Below are records; count the lines that contain "item" and state only that count.

(Data entries)
+===+
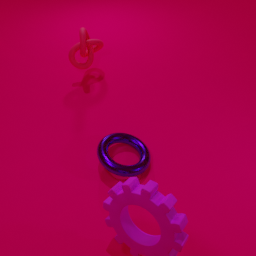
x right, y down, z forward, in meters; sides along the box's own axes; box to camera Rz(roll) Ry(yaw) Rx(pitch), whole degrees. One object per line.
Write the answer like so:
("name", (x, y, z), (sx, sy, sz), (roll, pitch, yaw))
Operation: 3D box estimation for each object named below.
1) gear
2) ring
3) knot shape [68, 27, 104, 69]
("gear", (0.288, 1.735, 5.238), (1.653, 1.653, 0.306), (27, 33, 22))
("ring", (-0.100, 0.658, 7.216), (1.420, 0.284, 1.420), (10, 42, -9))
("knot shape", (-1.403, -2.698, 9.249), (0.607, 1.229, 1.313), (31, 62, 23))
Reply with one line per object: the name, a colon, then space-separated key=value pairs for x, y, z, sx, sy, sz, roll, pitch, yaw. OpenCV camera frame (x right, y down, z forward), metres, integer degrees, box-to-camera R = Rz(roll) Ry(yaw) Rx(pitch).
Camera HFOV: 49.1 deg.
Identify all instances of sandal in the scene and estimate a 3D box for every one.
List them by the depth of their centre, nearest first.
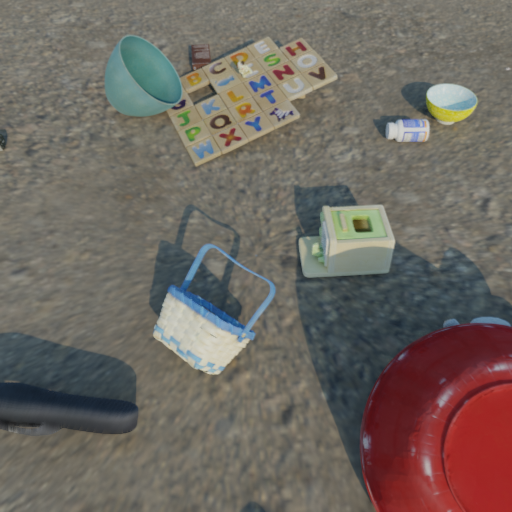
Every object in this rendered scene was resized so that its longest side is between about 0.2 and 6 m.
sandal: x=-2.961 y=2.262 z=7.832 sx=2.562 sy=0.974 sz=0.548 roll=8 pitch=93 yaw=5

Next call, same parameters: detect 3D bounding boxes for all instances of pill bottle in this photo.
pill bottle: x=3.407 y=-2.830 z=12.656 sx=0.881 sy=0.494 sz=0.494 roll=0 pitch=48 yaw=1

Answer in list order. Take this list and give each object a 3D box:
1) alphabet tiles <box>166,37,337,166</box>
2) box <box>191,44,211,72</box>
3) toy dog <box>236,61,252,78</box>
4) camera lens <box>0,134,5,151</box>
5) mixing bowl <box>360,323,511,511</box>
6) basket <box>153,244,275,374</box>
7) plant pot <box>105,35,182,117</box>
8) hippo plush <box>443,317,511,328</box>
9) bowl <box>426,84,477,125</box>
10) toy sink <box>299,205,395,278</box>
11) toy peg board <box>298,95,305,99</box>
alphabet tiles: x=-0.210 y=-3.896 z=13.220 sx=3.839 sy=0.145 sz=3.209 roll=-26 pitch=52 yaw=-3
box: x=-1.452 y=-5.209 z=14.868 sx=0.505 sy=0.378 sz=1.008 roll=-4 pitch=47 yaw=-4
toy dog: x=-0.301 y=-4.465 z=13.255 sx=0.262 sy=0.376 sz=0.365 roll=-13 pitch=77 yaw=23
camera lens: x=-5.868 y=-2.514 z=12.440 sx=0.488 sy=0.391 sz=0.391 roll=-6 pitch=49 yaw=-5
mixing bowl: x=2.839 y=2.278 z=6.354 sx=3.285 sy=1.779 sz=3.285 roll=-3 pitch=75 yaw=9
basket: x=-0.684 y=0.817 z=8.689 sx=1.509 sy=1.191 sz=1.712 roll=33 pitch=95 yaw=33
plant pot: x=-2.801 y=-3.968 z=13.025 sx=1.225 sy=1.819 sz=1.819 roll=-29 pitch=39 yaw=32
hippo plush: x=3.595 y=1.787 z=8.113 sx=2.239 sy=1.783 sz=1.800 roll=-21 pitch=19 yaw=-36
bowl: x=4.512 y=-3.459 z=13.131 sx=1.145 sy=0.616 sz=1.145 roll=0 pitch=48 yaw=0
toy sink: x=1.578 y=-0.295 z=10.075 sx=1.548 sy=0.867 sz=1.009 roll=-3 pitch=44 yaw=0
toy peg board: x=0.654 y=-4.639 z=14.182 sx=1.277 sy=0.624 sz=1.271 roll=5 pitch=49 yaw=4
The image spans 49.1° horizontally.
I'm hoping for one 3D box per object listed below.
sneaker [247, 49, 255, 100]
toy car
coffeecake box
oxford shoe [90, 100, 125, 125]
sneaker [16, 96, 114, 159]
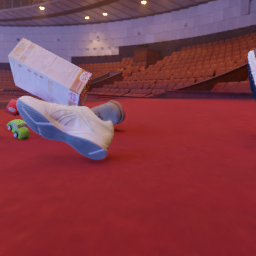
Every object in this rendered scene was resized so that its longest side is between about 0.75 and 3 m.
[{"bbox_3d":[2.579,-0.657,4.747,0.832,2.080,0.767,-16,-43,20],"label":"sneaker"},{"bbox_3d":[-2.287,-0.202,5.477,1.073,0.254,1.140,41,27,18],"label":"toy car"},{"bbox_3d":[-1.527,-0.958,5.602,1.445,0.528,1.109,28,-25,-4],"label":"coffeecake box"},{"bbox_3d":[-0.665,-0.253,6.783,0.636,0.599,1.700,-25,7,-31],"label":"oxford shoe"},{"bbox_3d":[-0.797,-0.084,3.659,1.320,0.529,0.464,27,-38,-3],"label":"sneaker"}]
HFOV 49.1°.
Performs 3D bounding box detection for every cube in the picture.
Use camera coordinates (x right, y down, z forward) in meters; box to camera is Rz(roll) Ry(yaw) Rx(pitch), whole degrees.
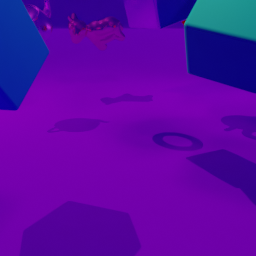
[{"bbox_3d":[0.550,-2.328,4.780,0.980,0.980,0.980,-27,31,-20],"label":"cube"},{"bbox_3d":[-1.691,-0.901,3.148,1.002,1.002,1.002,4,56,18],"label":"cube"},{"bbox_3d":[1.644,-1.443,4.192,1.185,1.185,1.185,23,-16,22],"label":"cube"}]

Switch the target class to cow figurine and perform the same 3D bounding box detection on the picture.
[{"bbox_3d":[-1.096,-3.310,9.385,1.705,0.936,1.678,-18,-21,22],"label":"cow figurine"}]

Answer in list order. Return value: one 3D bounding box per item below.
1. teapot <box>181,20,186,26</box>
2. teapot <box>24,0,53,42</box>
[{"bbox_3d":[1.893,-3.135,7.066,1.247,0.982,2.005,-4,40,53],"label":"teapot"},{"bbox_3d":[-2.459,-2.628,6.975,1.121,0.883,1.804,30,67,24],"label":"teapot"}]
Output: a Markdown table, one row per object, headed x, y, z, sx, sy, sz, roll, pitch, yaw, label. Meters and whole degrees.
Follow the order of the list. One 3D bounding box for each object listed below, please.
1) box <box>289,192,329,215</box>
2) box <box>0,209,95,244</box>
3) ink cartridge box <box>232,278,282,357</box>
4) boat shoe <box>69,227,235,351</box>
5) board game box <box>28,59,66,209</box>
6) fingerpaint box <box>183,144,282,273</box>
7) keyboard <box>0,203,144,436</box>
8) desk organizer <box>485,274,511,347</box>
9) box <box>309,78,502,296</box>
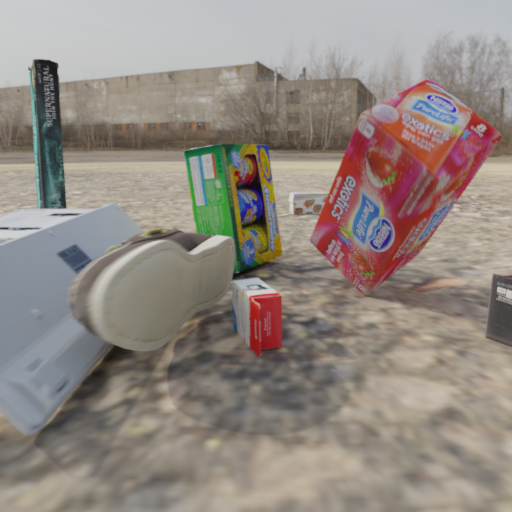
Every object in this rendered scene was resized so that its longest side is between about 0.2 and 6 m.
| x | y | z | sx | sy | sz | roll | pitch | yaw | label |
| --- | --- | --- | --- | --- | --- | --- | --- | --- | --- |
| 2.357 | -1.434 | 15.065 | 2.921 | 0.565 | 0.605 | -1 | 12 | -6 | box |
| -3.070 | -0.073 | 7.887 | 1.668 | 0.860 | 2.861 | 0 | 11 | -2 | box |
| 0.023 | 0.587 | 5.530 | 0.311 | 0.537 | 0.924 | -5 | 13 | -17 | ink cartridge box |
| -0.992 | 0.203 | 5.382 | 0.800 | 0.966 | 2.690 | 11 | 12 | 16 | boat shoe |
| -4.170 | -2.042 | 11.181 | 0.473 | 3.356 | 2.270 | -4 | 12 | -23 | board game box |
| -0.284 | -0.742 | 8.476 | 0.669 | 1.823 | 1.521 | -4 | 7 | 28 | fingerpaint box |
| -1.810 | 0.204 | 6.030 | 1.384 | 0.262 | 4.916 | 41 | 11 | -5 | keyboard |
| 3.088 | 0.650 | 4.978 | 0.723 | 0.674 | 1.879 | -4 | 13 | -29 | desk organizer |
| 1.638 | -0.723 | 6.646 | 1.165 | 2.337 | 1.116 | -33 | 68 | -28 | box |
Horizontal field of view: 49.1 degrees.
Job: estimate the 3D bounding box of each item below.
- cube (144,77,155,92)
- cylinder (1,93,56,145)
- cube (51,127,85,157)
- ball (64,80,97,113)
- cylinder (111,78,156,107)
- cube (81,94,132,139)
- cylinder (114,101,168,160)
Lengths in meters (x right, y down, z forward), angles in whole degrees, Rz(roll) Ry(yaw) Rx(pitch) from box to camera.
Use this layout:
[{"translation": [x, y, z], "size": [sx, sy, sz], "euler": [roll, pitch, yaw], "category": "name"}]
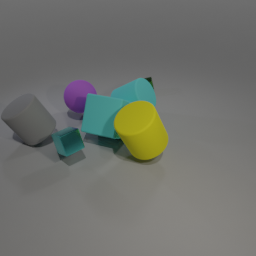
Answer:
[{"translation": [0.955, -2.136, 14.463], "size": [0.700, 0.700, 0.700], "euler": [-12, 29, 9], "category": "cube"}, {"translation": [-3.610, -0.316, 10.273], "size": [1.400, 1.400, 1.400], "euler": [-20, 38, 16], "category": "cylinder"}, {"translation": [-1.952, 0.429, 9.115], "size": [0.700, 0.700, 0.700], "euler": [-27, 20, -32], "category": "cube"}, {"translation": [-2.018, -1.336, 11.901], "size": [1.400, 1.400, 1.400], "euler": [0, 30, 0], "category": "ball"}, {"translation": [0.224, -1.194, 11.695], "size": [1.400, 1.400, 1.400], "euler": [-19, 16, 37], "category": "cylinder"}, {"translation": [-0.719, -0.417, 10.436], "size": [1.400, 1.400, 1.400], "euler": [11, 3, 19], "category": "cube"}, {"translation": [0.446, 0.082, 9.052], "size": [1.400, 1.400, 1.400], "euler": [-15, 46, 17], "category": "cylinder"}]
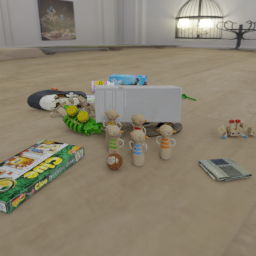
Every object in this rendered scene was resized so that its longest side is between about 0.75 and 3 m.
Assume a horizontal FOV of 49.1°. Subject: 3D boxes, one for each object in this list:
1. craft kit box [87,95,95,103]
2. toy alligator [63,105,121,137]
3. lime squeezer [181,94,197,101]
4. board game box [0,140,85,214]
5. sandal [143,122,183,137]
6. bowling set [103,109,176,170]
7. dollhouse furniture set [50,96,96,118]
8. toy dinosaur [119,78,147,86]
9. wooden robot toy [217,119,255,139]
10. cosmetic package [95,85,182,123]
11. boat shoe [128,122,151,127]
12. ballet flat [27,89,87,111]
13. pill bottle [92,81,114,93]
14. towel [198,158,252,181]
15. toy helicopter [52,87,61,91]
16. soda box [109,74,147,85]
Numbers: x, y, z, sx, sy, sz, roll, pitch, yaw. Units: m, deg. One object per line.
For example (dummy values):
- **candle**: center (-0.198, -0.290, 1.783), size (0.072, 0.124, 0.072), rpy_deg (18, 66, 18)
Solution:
+===+
*Answer below*.
2